Chris Brady of Teres told me of a way to improve cueing even more by re-shaping the cueing support. Moving the cueing support point farther from the pivot improves its mechanical advantage and makes the cueing height and speed adjustments less touchy. This mod is easier than it sounds and requires only a length of coat hanger (!), but I don’t have pix and haven’t yet done it myself.

4. Changing the cueing height affects the point where anti-skate kicks in. (Yes, it's weird.) Once cueing height is satisfactory, adjust the short pin that sticks out of the front of the cueing frame. That pin controls where the anti-skate dogleg first engages the knot on the string.

5. The Tri-Planar comes with three counterweight donuts of differing masses. Many cartridges can be balanced using either of two. The arm usually tracks best with the heaviest donut that will work, mounted closer to the pivot. Of course this also reduces effective mass, which may or may not be sonically desirable depending on the cartridge. It also leaves more room for Tip #6.

6. For fine VTF adjustments don’t futz with the counterweight, there’s an easier way. Set the counterweight for the highest VTF you think you’ll need (ie, close to the pivot). Pick up some 1/4" I.D. O-rings from Home Depot. To reduce VTF a bit just slip an O-ring or two on the end stub. Thin O-rings reduce VTF by .01-.02g, thick ones by .04-.05g. Quick, cheap, effective. (For safety, always lock the arm down while adding or removing O-rings.)

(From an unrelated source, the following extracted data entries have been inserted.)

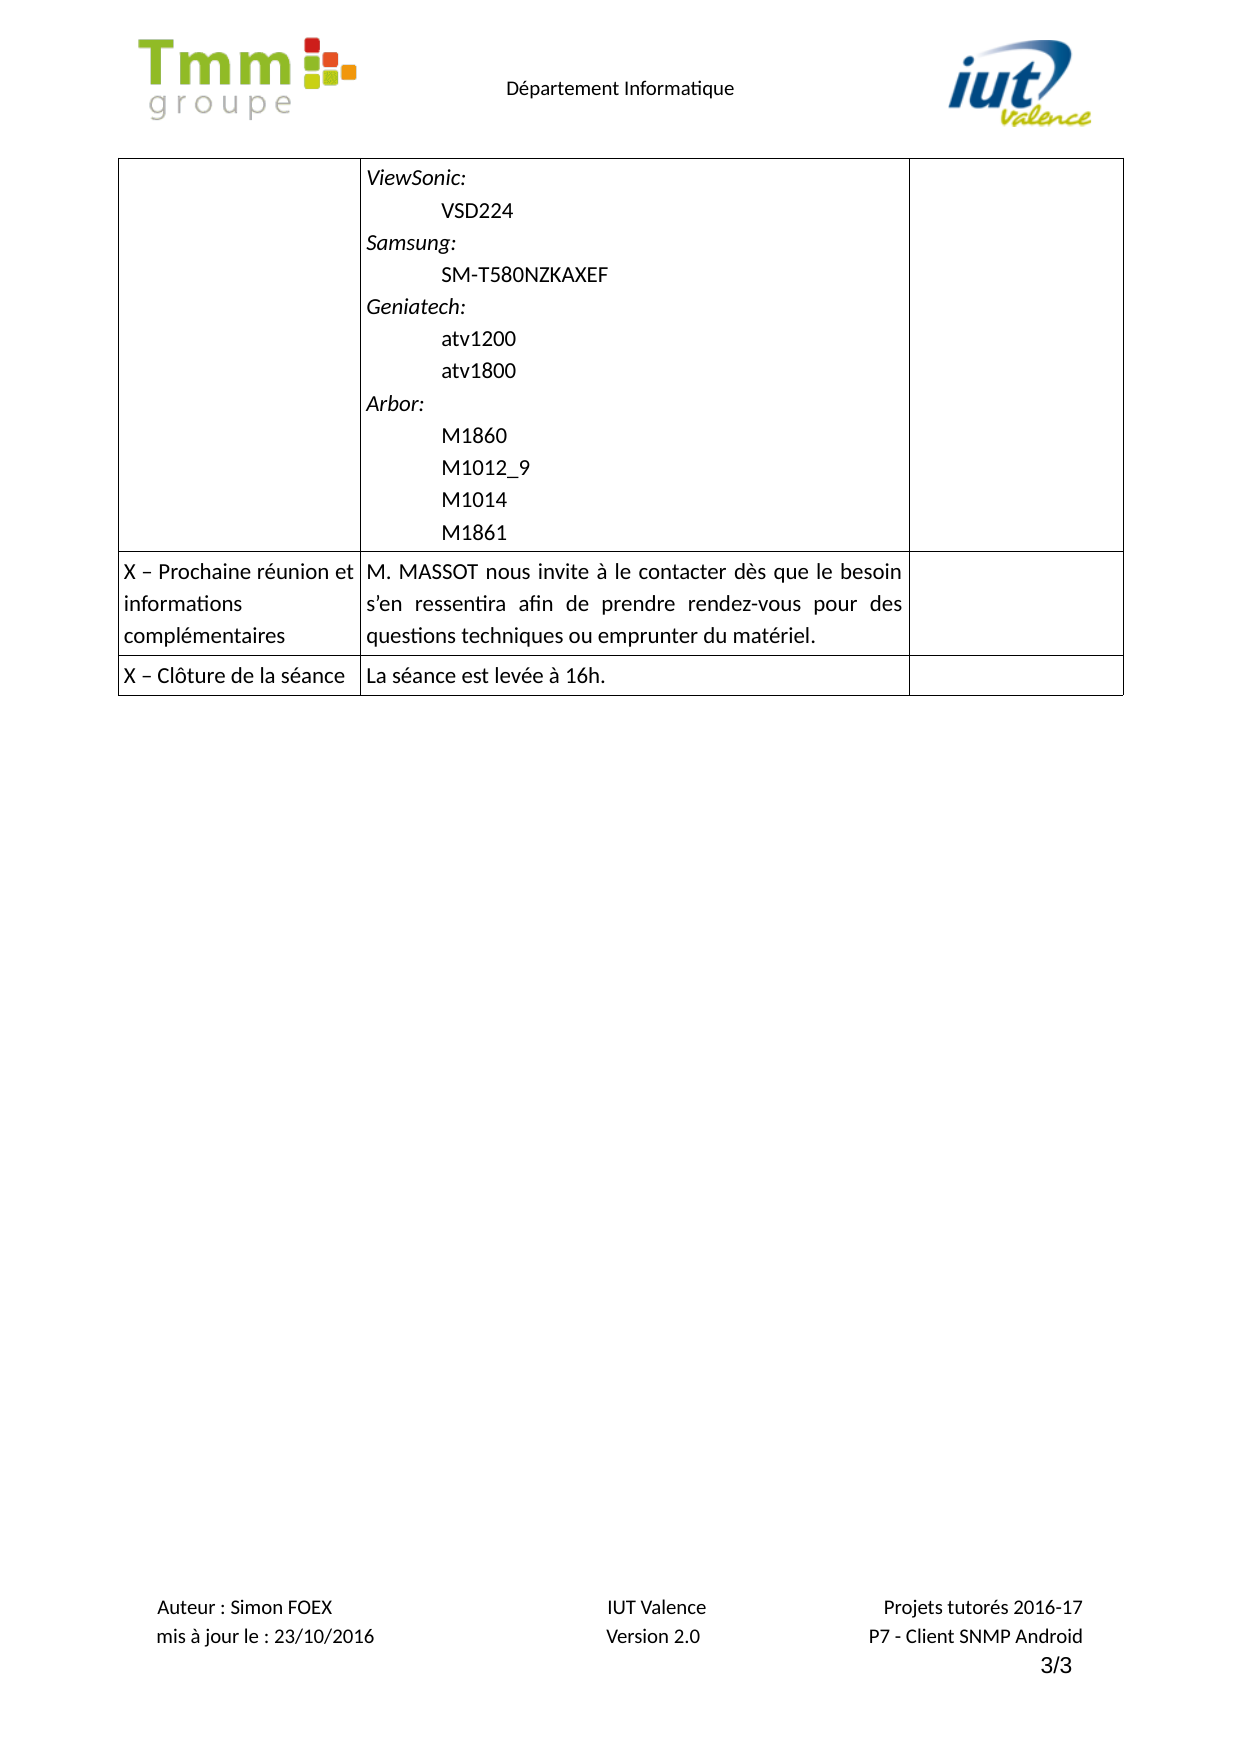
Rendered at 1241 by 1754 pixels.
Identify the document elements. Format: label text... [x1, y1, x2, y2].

table_cell [910, 159, 1123, 551]
picture [136, 36, 362, 127]
table_cell [119, 159, 360, 551]
table_cell X – Prochaine réunion et informations complémentaires [119, 552, 360, 655]
table_cell La séance est levée à 16h. [361, 656, 909, 695]
table_cell M. MASSOT nous invite à le contacter dès que le besoin s’en ressentira afin de prendre rendez-vous pour des questions techniques ou emprunter du matériel. [361, 552, 909, 655]
table_cell [910, 656, 1123, 695]
table_cell ViewSonic: VSD224 Samsung: SM-T580NZKAXEF Geniatech: atv1200 atv1800 Arbor: M1860 M1012_9 M1014 M1861 [361, 159, 909, 551]
picture [948, 40, 1092, 127]
table_cell [910, 552, 1123, 655]
table_cell X – Clôture de la séance [119, 656, 360, 695]
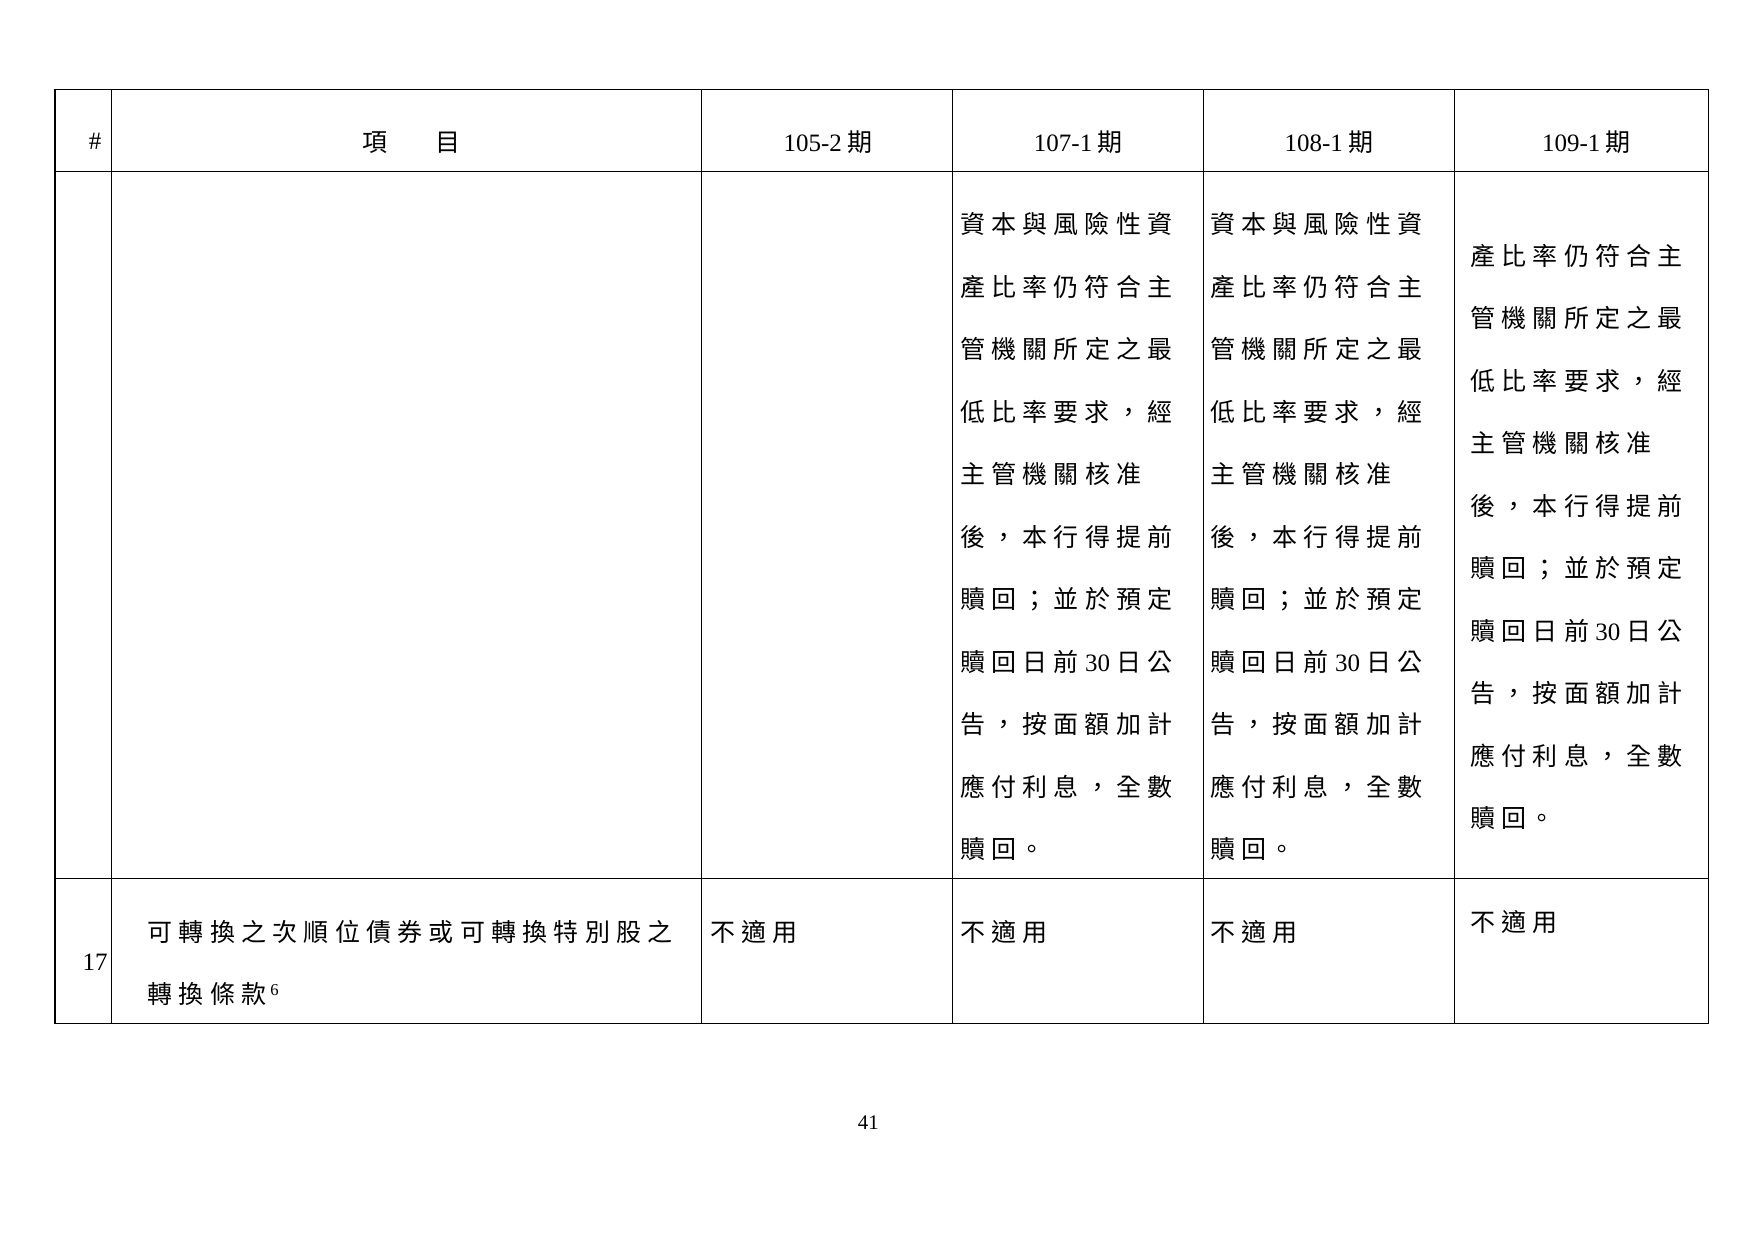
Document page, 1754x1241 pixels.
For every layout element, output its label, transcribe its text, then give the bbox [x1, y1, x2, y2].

7. When adjusting VTA, always bring the pointer to the setting you want by turning it counter-clockwise at least ¼ of a turn. This brings the arm UP to the spot you've selected, which takes up the slop in the threads. You can easily feel this happening.

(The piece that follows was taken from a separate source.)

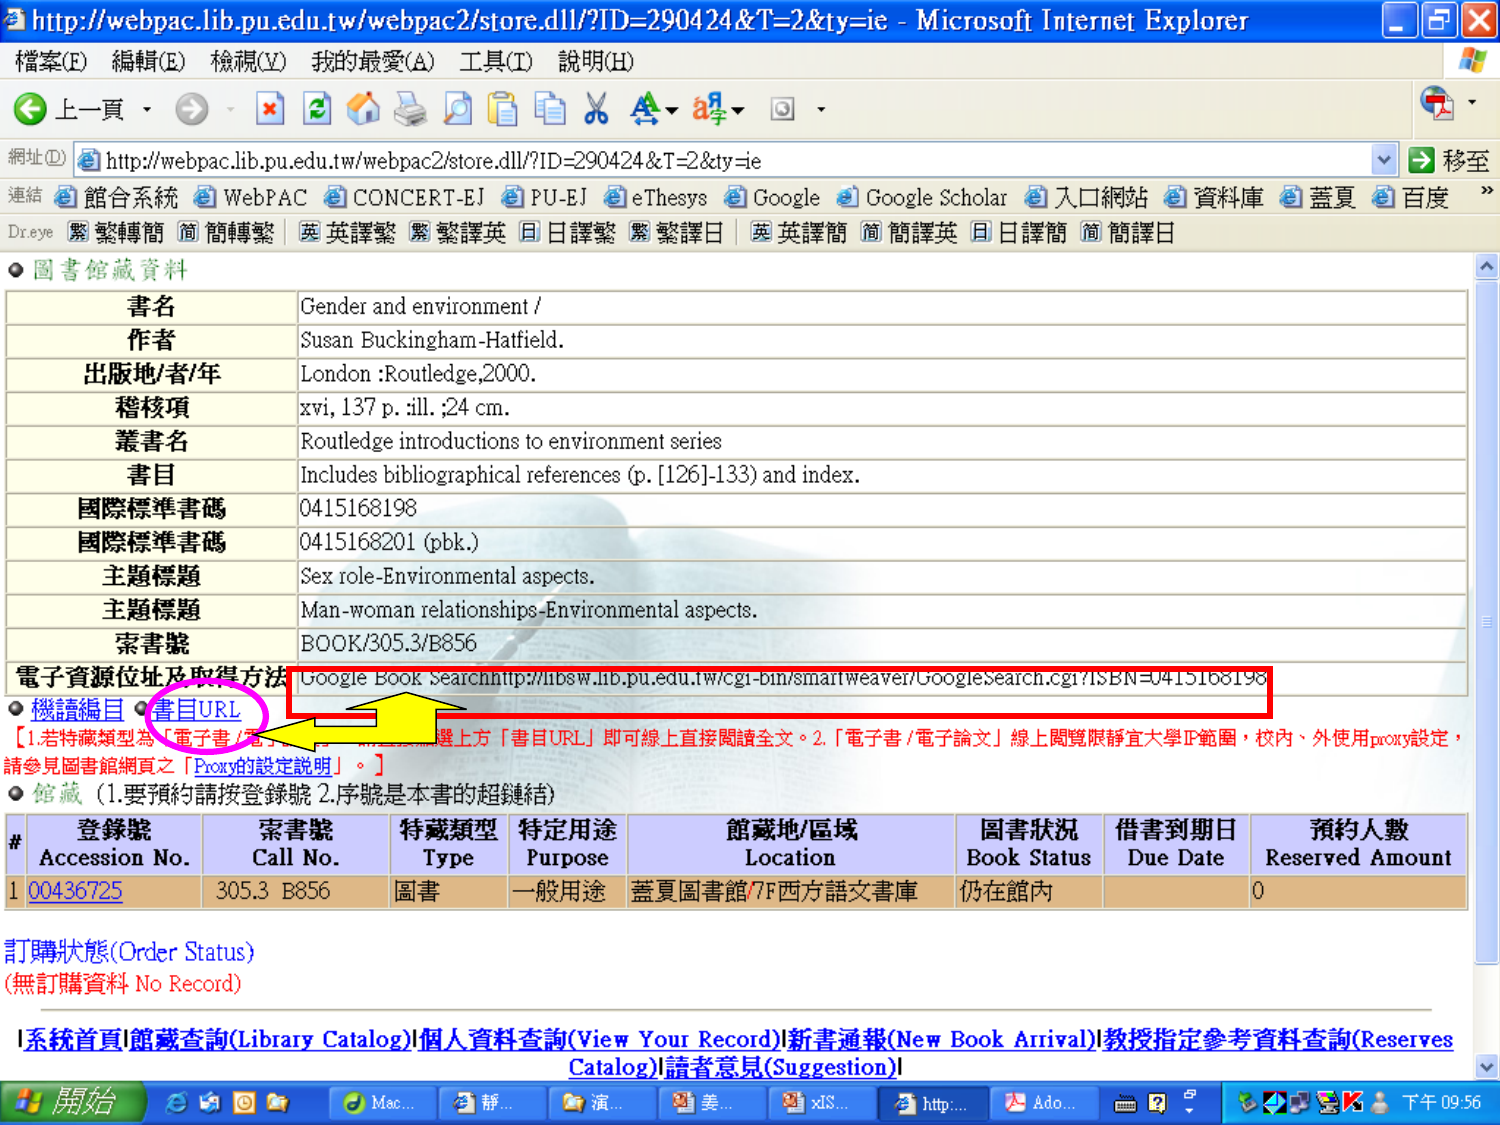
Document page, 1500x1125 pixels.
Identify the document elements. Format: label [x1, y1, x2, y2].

picture [0, 0, 1500, 1125]
text_box [253, 692, 467, 752]

Hope someone finds these useful. If you know any more, please bring ‘em on!
dougdeacon
You get red or basic black. No color coordination options at present. :-)

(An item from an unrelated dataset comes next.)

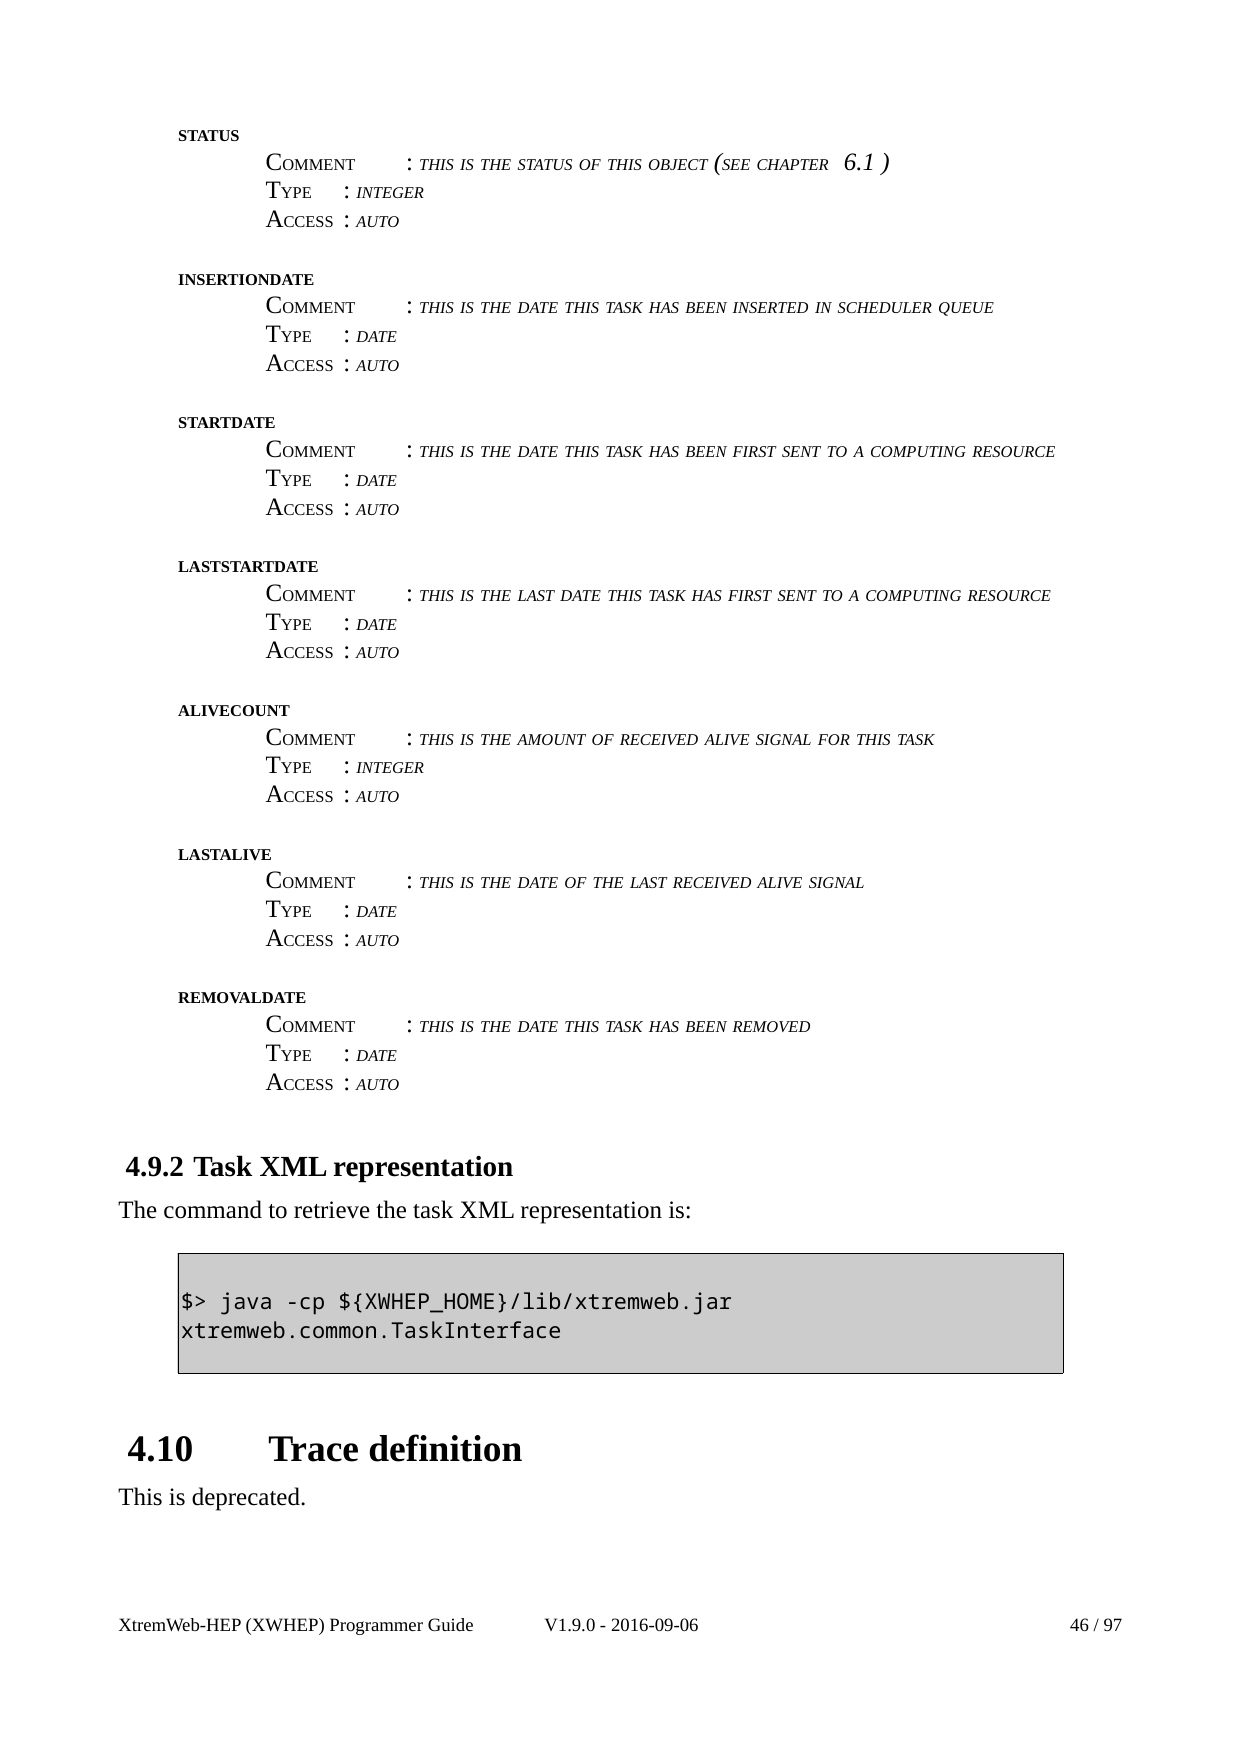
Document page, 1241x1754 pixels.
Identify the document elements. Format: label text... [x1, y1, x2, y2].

It is certainly safer to remove the cart and arm from the table, no argument about that. :-)

The trick is to use medium-high heat, aim the gun over the headshell towards the end of the finger lift so the hot air is blowing away from the cart. Takes less than 2 seconds. The finger lift and headshell never even warm to the touch. But, everyone should assess their own tools, aptitudes and risk tolerances.

I completely agree with regards to the AS, it does depend on several parameters. I guess if I keep going back and forth I should conclude that AS isn't needed in my setup.
Hi Dan,

This is Mike with the Edgarhorns.

I tried the heat shrink(black) on the finger lift a while back and did experience minor improvements; this prompt me to remove the finger lift all together. After readjusting the VTA/VTF to compensate the removal, I hear more of the same improvements.

Another thing I did to tidy up the sound is by organizing the loose cartridge wires. I trim the wires as short as "allowable" and twist them together in a bundle(not too tight). Then I use a dab of rubber cement and spot-bond the bundle to back end of the headshell for stabilization.
Hi Mike! Nice to hear from a fellow edgarhorn-er. ;-)

Thanks for that bit of verification. I fell back to the shrink wrap after deciding not to try to force the tiny screws, and more importantly for me, did not want to give up the finger lift.

Nice tip on the wires. It makes good sense to address the leads.
I tried braiding my leads together and got a hum. Separating them as widely as possible eliminated it.
I was wondering if that might happen with the wires twisted together. Did you braid them all together or in +/- pairs? To my mind this tweak is more for mechanical damping. Maybe just a loose twist of all four to keep them together and make a stiffer bundle to eliminate vibrations?

I do have some very small tie wraps. A few more tenths of a gram down by the headshell. ;-) Maybe the heavier XV-1s would like that.